This was followed by a popular column on Delhi in a Hindi newspaper mentioning that KK joined Kirori Mal College because of its music and theater traditions. Poet William Wordsworth once wrote, “Bliss it was in that dawn to be alive, But to be young was very heaven.” He did not write this about Delhi University but those who passed through its portals in 1980s-90s would swear by Wordsworth’s words.

By 1980s, the story of Delhi University was not only about St Stephen’s College on the main avenue and the one opposite to it – the Hindu College. It had travelled further down the road to Ramjas, Kirori Mal and Hansraj.

In those days there used to be Delhi Transport Corporation (DTC) bus service numbered 210, which started from Ramjas College in Maurice Nagar, turned left went to Bungalow Road, touched Hansraj and then again turned left crossed Kirori Mal College and came back on the main avenue for onward journey to the Central Secretariat. This service would be full in the evenings as many students stayed back after the DTC fleet of now-defunct U-Special buses had left, practicing theatre, music, debate, planning cultural extravaganzas and playing different sports.

With Rajiv Gandhi becoming Prime Minister in 1984, the spirit of ‘to be young was very heaven’ pervaded the campuses. Each of the newer colleges started to excel. Kirori Mal College stood out for its theatre society – The Players and Music, the music group. The theatre group was founded by legendary teacher Frank Thakurdass in the 1950s and in the 1980s was living on the laurels of having produced Amitabh Bachchan, Vishwa Mohan Badola, Kulbhushan Kharbanda, Dinesh Thakur and of course Satish Kaushik.

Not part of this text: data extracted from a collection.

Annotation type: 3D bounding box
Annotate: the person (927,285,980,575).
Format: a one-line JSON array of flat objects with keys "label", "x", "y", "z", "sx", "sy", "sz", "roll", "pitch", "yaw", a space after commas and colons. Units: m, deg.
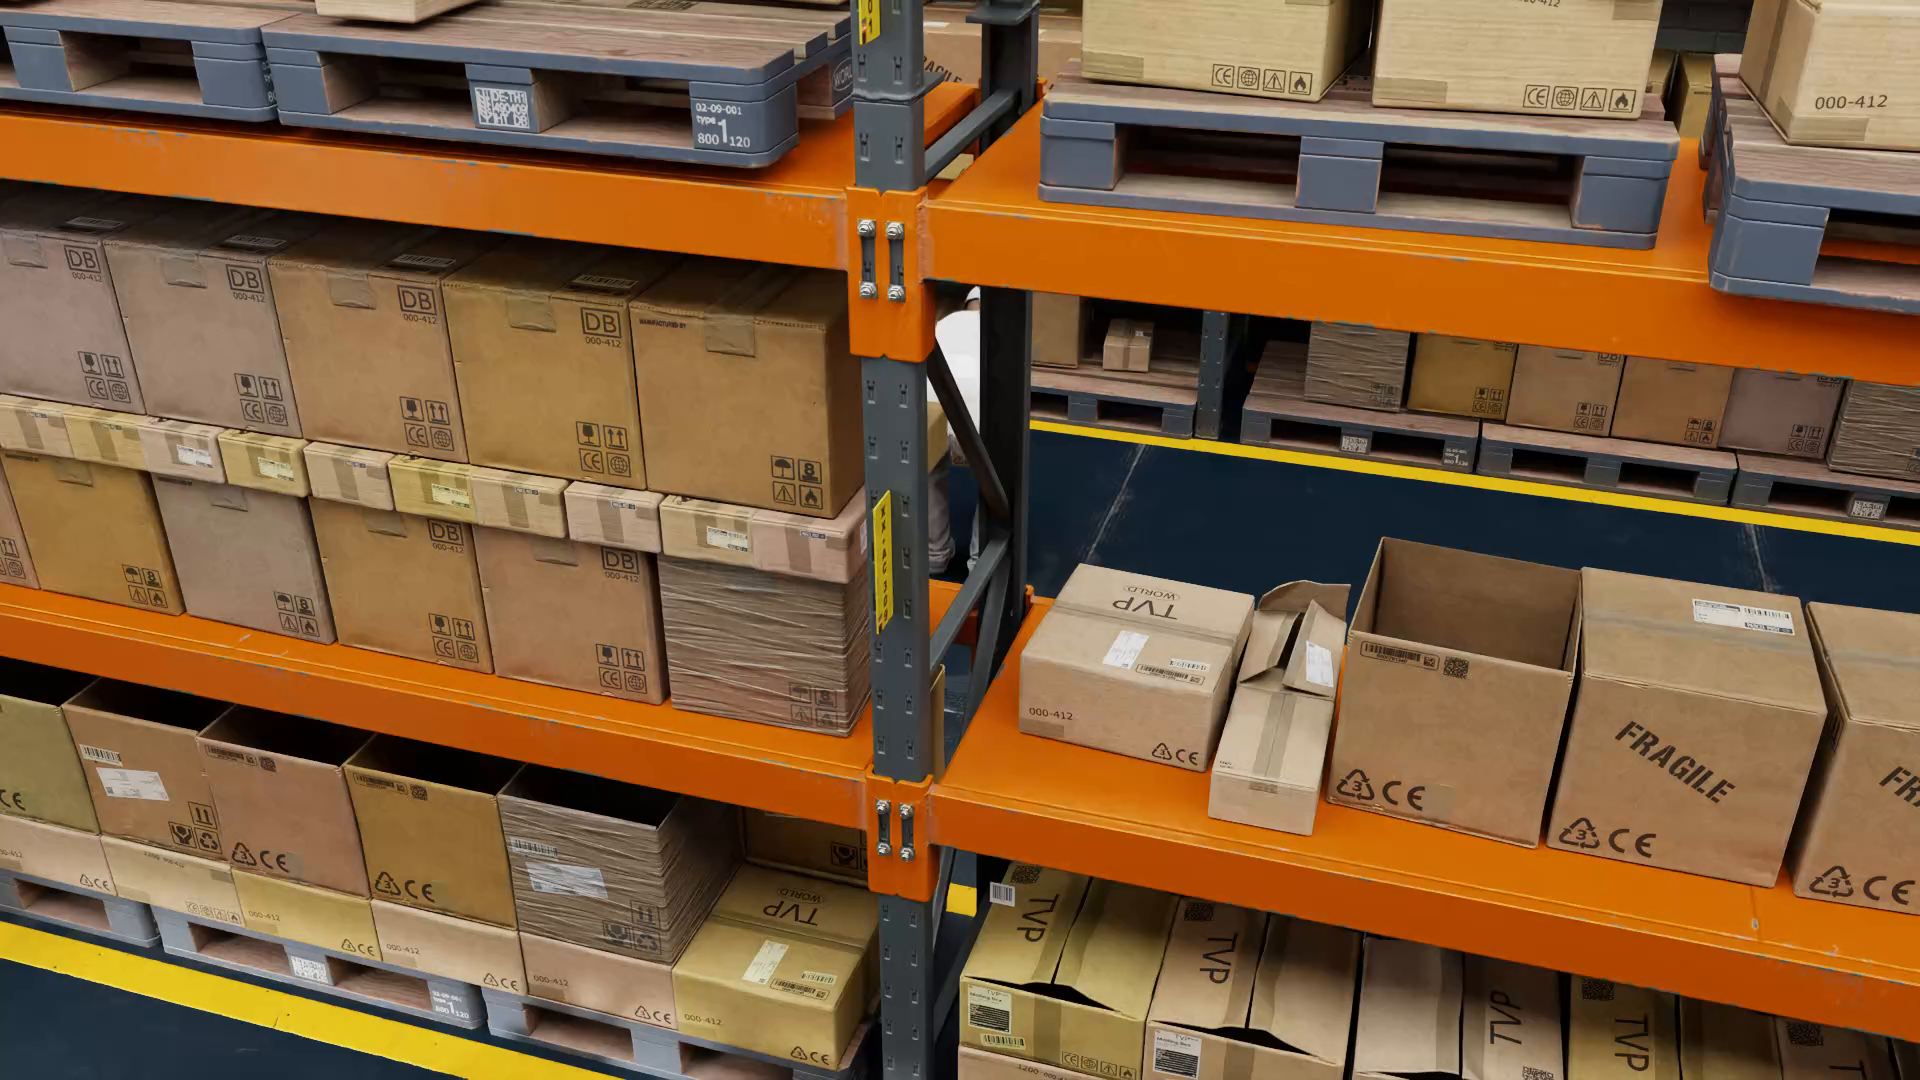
[{"label": "person", "x": 0.037, "y": -0.478, "z": 7.577, "sx": 0.523, "sy": 1.191, "sz": 0.962, "roll": 7, "pitch": 30, "yaw": 13}]
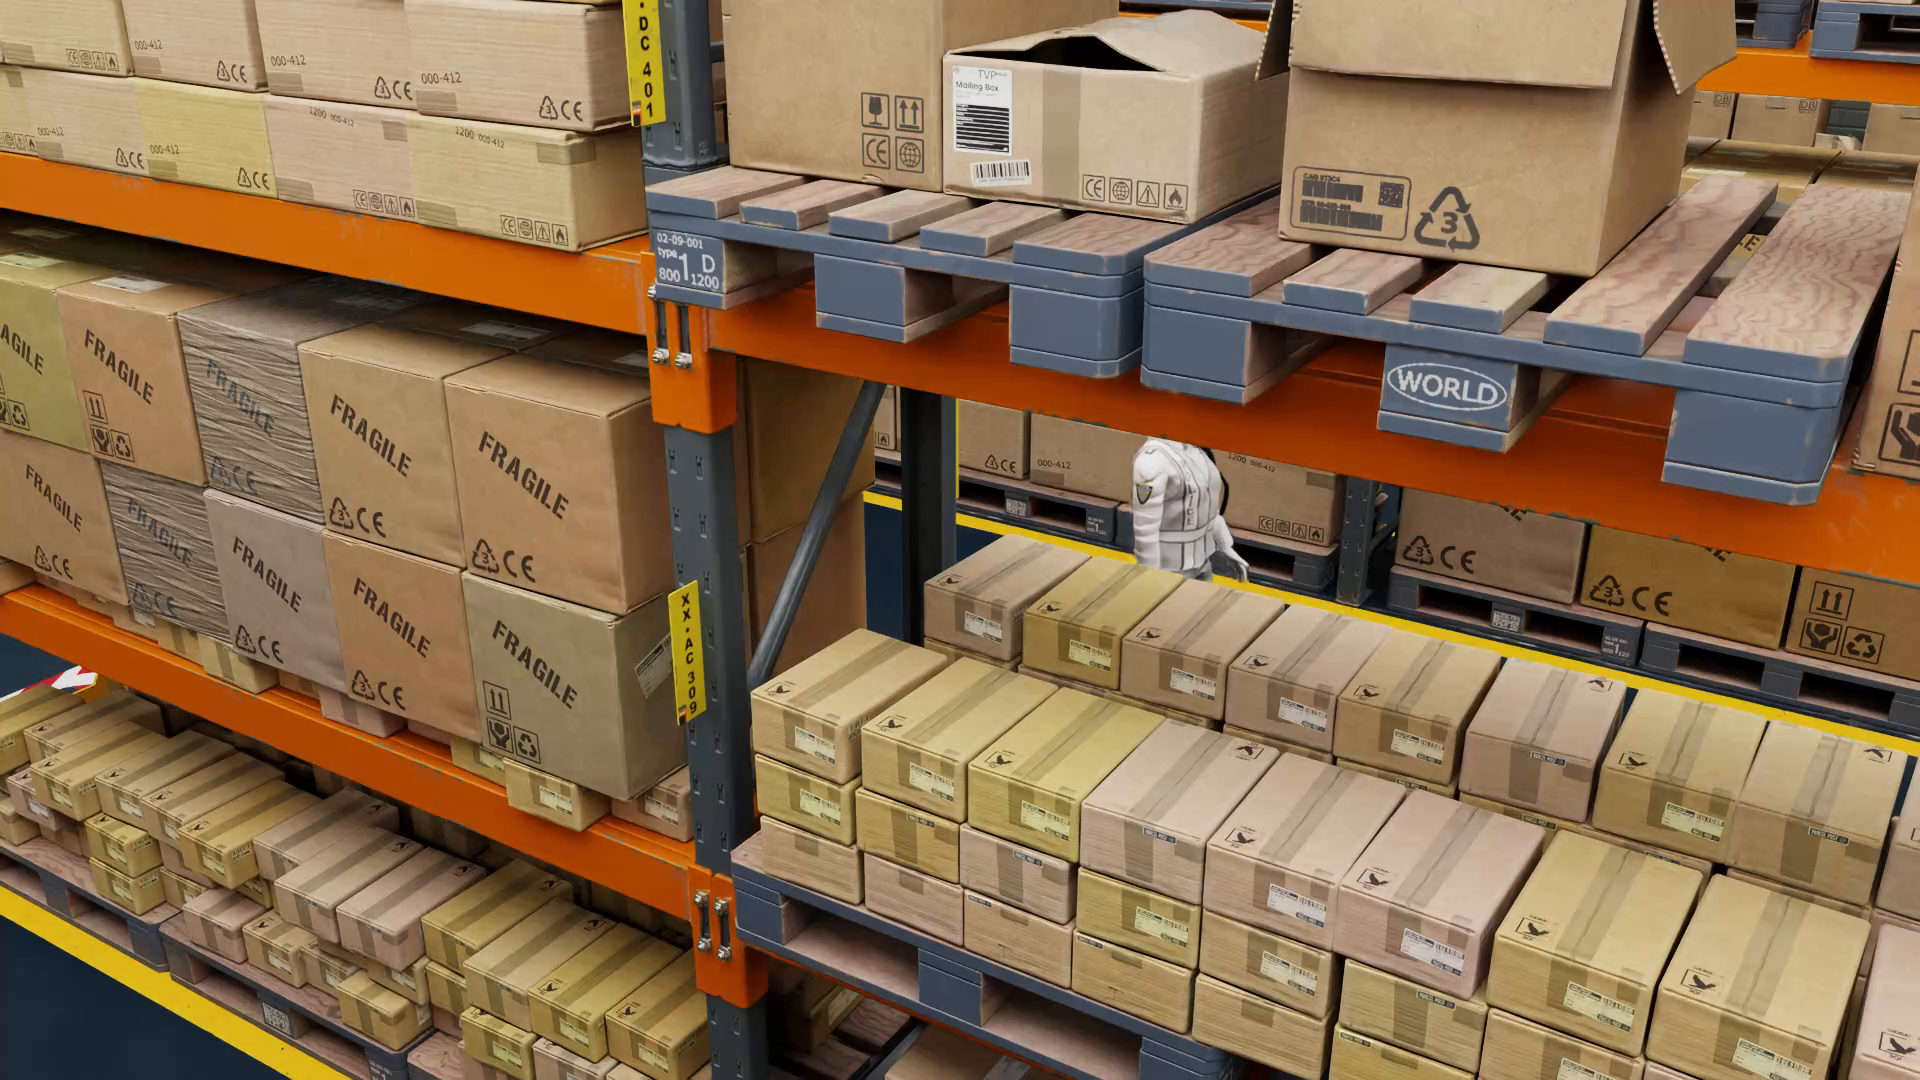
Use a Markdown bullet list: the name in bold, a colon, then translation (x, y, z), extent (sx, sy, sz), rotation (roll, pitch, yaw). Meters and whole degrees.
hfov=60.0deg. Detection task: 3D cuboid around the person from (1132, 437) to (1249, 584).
- **person**: translation (0.941, 0.129, 6.759), extent (0.490, 1.702, 0.508), rotation (12, 26, 26)
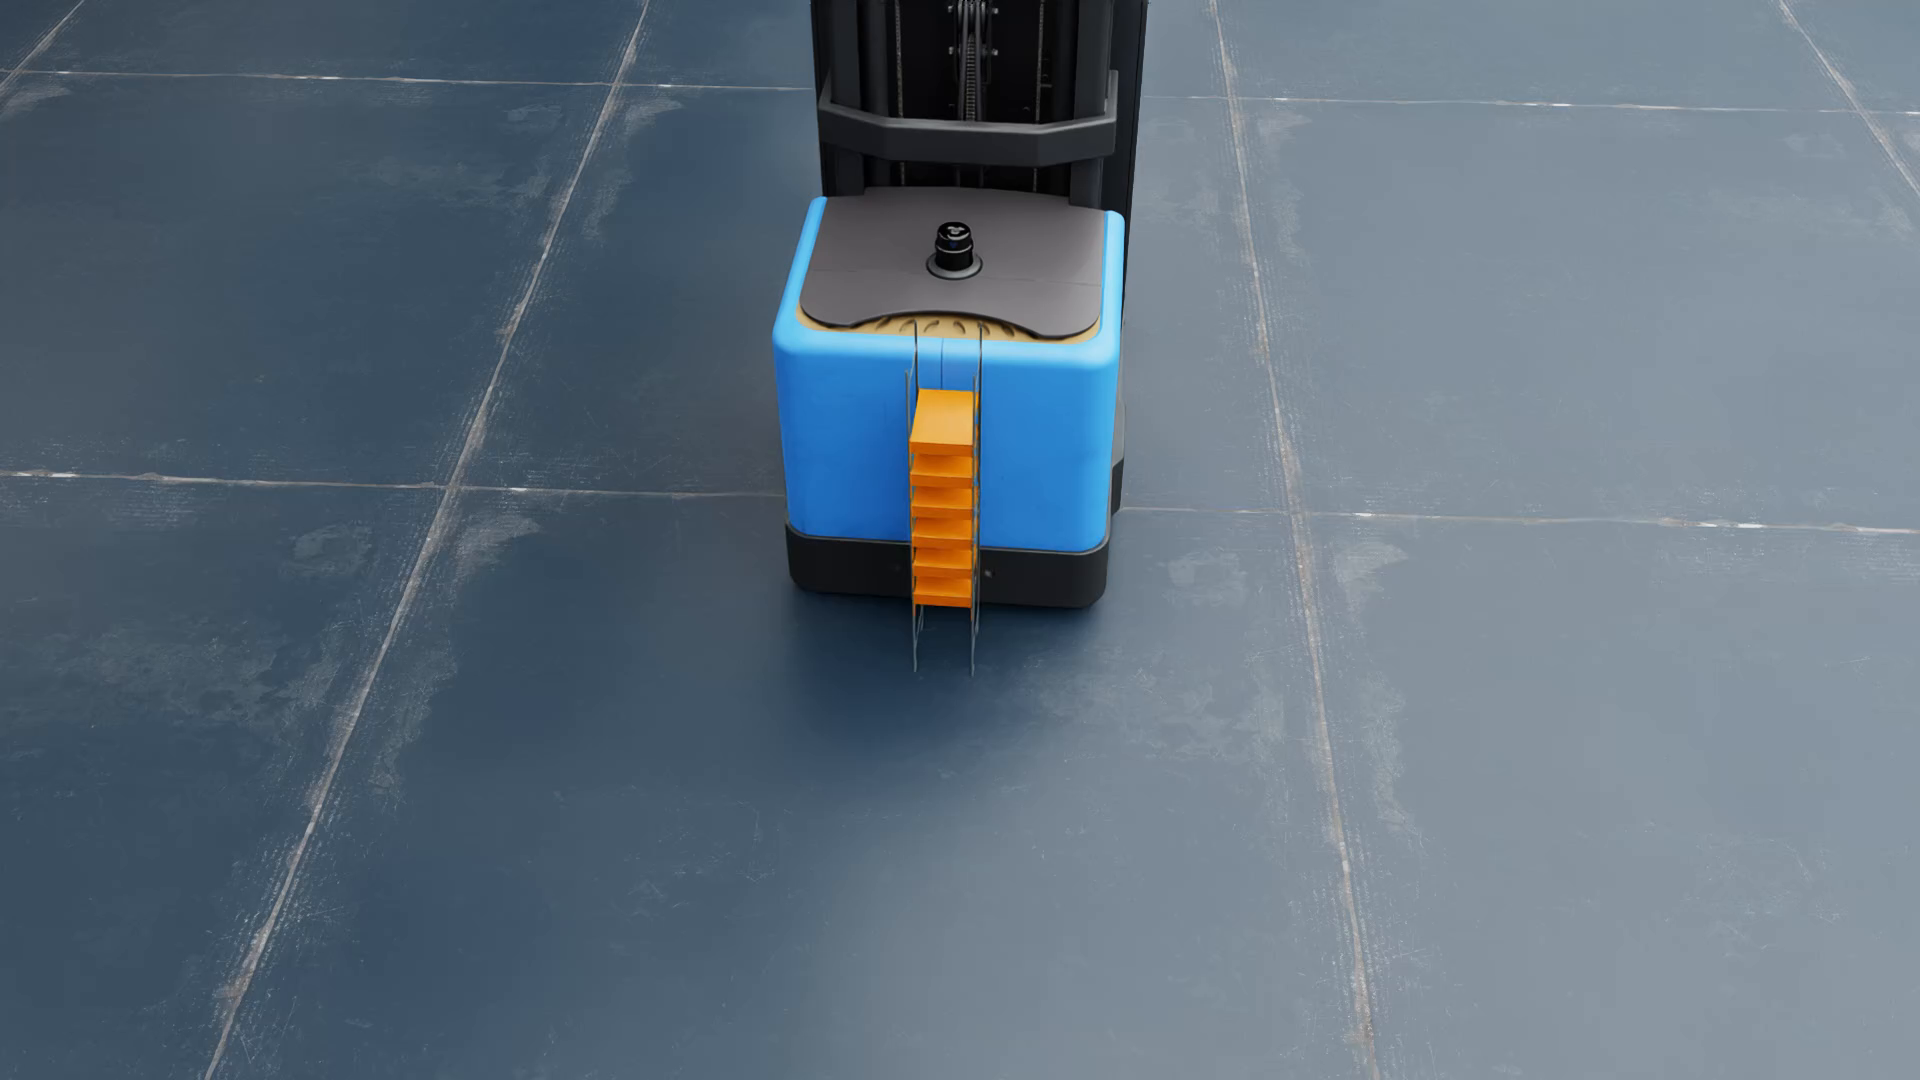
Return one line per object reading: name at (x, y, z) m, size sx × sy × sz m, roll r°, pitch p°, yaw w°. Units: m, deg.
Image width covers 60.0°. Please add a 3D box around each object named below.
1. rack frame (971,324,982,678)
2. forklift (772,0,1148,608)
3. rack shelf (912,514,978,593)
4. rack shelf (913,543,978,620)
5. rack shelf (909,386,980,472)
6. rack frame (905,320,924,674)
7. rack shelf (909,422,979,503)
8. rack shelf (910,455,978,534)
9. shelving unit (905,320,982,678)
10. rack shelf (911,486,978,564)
rack frame at (0.049, -0.083, 4.959) m, size 0.006 × 1.200 × 0.240 m, roll 4°, pitch 43°, yaw 4°
forklift at (0.083, -1.852, 5.588) m, size 1.130 × 2.935 × 3.031 m, roll 4°, pitch 43°, yaw 4°
rack shelf at (-0.042, 0.032, 5.077) m, size 0.180 × 0.103 × 0.258 m, roll 4°, pitch 43°, yaw 4°
rack shelf at (-0.042, 0.119, 5.159) m, size 0.180 × 0.103 × 0.258 m, roll 4°, pitch 43°, yaw 4°
rack shelf at (-0.042, -0.319, 4.749) m, size 0.180 × 0.103 × 0.258 m, roll 4°, pitch 43°, yaw 4°
rack frame at (-0.134, -0.094, 4.971) m, size 0.006 × 1.200 × 0.240 m, roll 4°, pitch 43°, yaw 4°
rack shelf at (-0.042, -0.232, 4.831) m, size 0.180 × 0.103 × 0.258 m, roll 4°, pitch 43°, yaw 4°
rack shelf at (-0.042, -0.144, 4.913) m, size 0.180 × 0.103 × 0.258 m, roll 4°, pitch 43°, yaw 4°
shelving unit at (-0.042, -0.089, 4.965) m, size 0.189 × 1.200 × 0.258 m, roll 4°, pitch 43°, yaw 4°
rack shelf at (-0.042, -0.056, 4.995) m, size 0.180 × 0.103 × 0.258 m, roll 4°, pitch 43°, yaw 4°
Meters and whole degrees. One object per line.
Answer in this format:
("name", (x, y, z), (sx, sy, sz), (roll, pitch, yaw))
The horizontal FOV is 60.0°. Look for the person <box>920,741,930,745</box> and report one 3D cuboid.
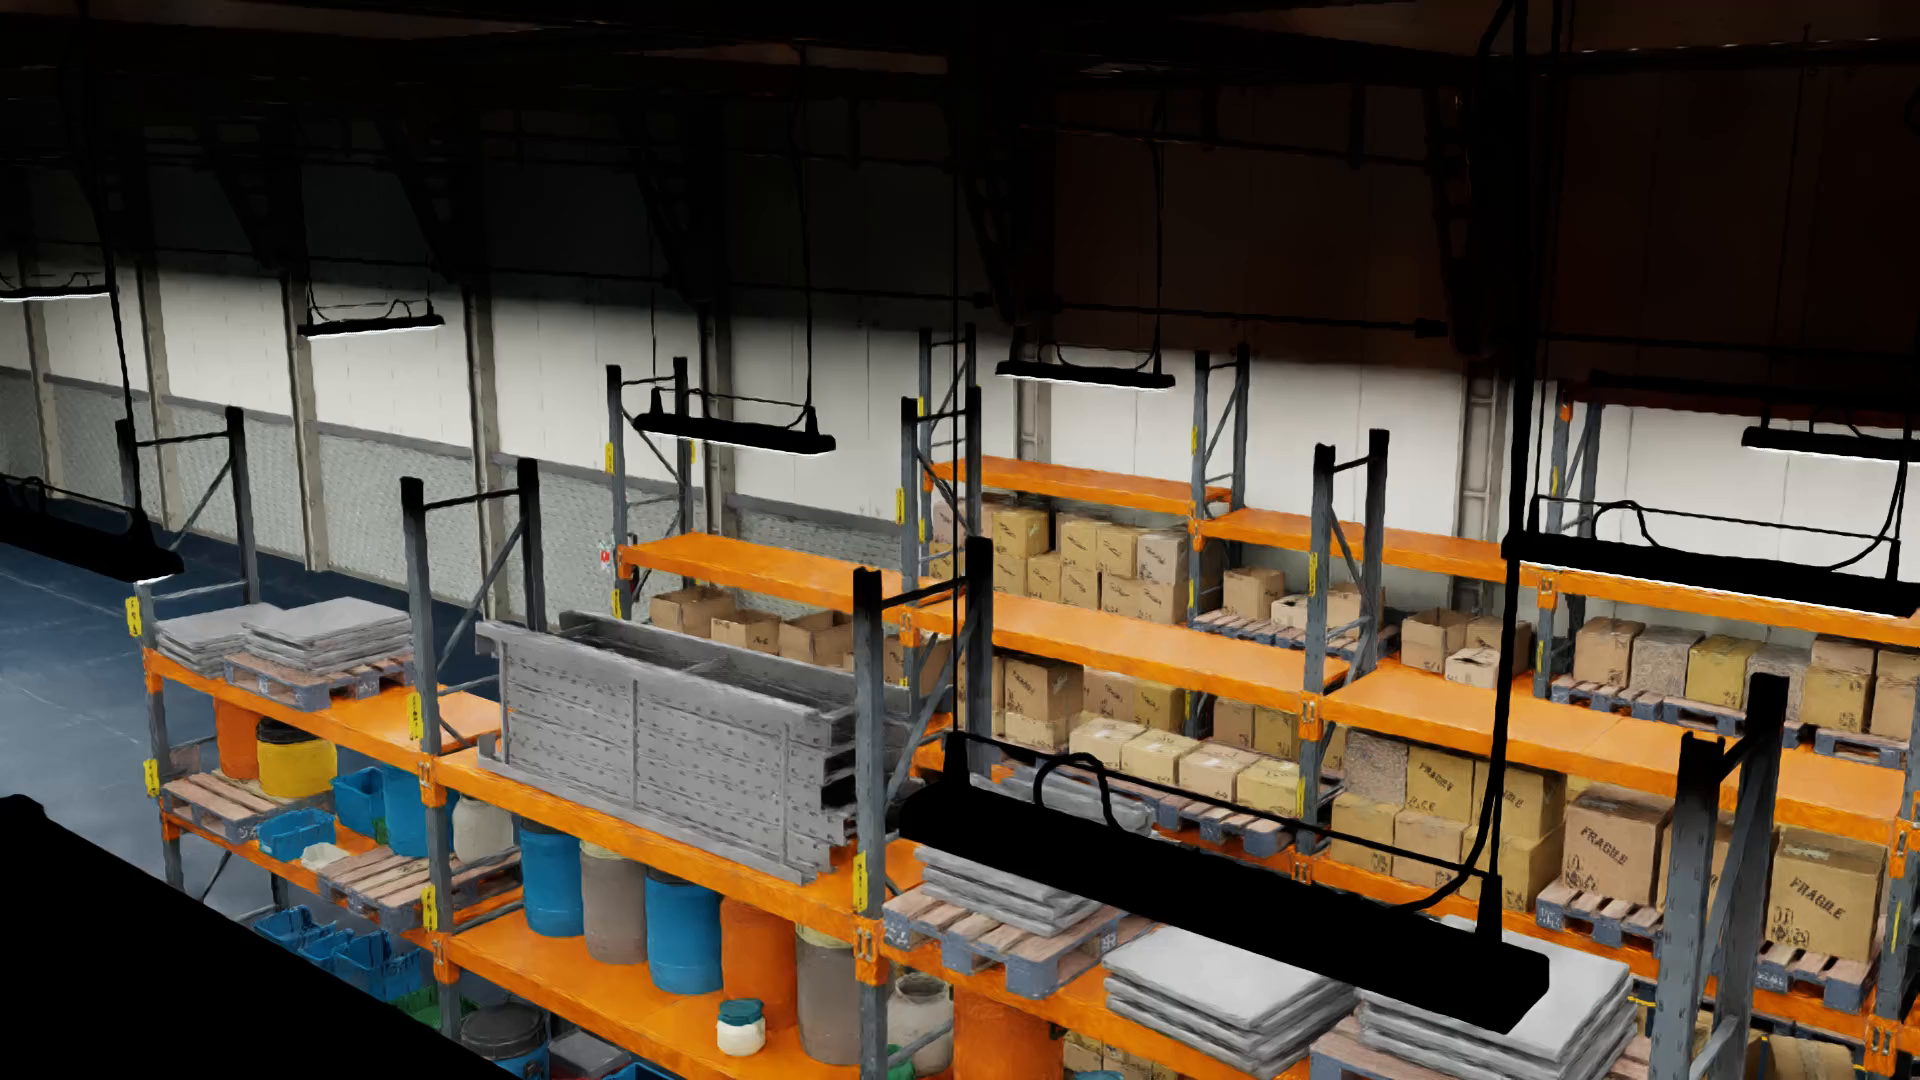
("person", (-0.322, 3.000, 19.304), (0.794, 1.612, 0.643), (5, 14, 21))

It’s said comparisons are odious, but it would not be out of place to mention that the 1980s-90s were more productive than the past three decades not just for theatre but also for music. This credit should go to the two faculty members who helmed the two societies – Keval Arora (The Players) and Sumitra Mohanty (Musoc). They too were young in that time and era. They had a mentor in the stern-looking college principal NS Pradhan.

One of the obituaries mentioned that KK was not a trained singer, that is he did not train in classical music by attending a ‘gharana’ (traditional school). But did he not measure up to those who did go to such schools?

KK belonged to that generation of DU that saw doors being slammed open and people charting out onto paths not trodden before. While civil services remained on the platter but music, cinema, theatre, corporate world, social sector, print and television journalism, stock market, and corporate communication among others now featured prominently on the menu.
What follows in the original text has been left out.